Using high throughput CRISPR based methods for systematic evaluation of genome editing strategies in haemopoietic stem cells

Genome editing of haemopoietic cells is at the forefront of the clinical development the technology, with recent regulatory approval for Exagamglogene autoleucel for the treatment of haemoglobinopathies. Several variants of genome editing technologies have been developed over the last decade, which extend the capabilities of genome editing beyond that of the canonical nuclease-based proteins.

This involves inactivation of Cas9 nuclease function and the linkage of additional enzymes to Cas9 to allow direct targeting of specific DNA sequences. This has resulted in the development of base editors, which use deamination of nucleotides to make single base changes and prime editors, which use reverse transcriptase to enable an elongated guide RNA to be used as a template for DNA repair.

A further development are epigenome editors, which alter transcription through Cas9-targetted modification of DNA methylation and histone proteins but leave the DNA sequence unchanged.

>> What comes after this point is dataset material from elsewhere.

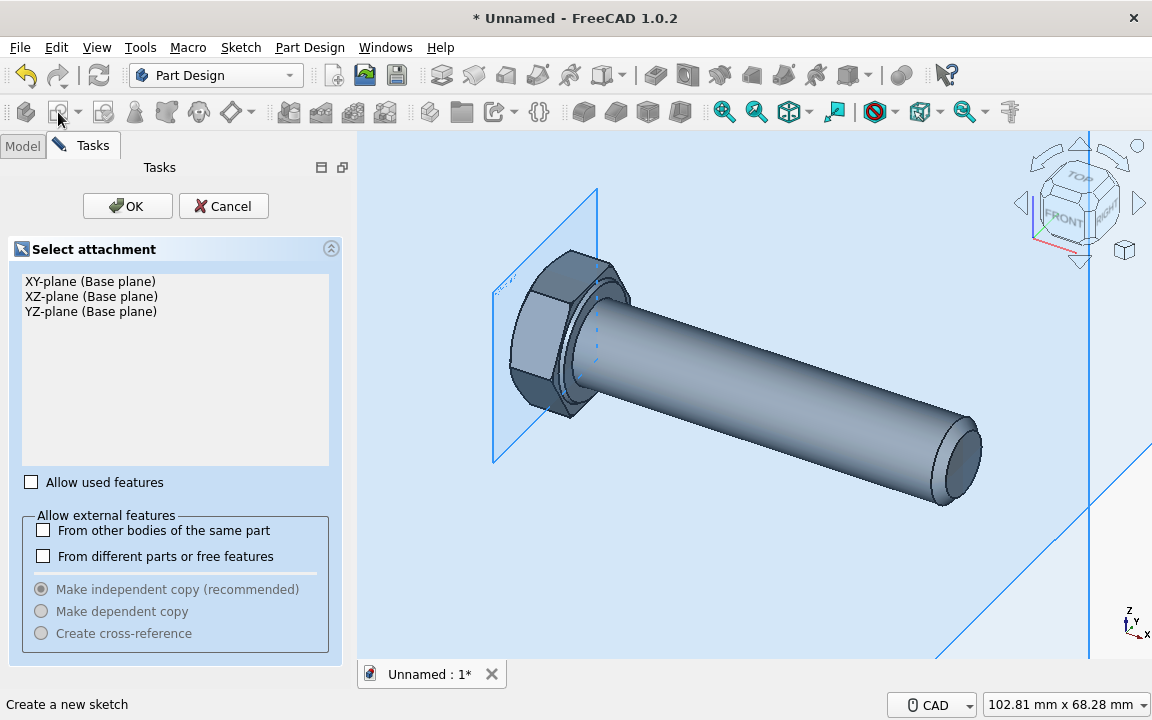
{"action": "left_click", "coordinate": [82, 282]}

All of these variants of genome editing have differing efficacy and result in variable sequence changes at specific sites in the genome. Furthermore, editing outcomes are highly variable between different cell types and it is common to find that high editing efficiencies in cell lines do not translate into primary cells. This is not fully understood but is likely due to cell type specific differences in the epigenetic landscape and DNA damage response.

This cell type variability has not been characterised systematically in key primary cell types such as HSCs. In this project we aim to develop methods of using high throughput CRISPR screens to systematically characterise the editing outcomes in haemopoietic stem cells. Once developed, we plan to compare editing outcomes with different editing modalities at different classes of genomic elements in different cell types.

This will potentially allow cell type specific prediction of editing strategies and inform on methods of manipulating the cellular program to enhance editing.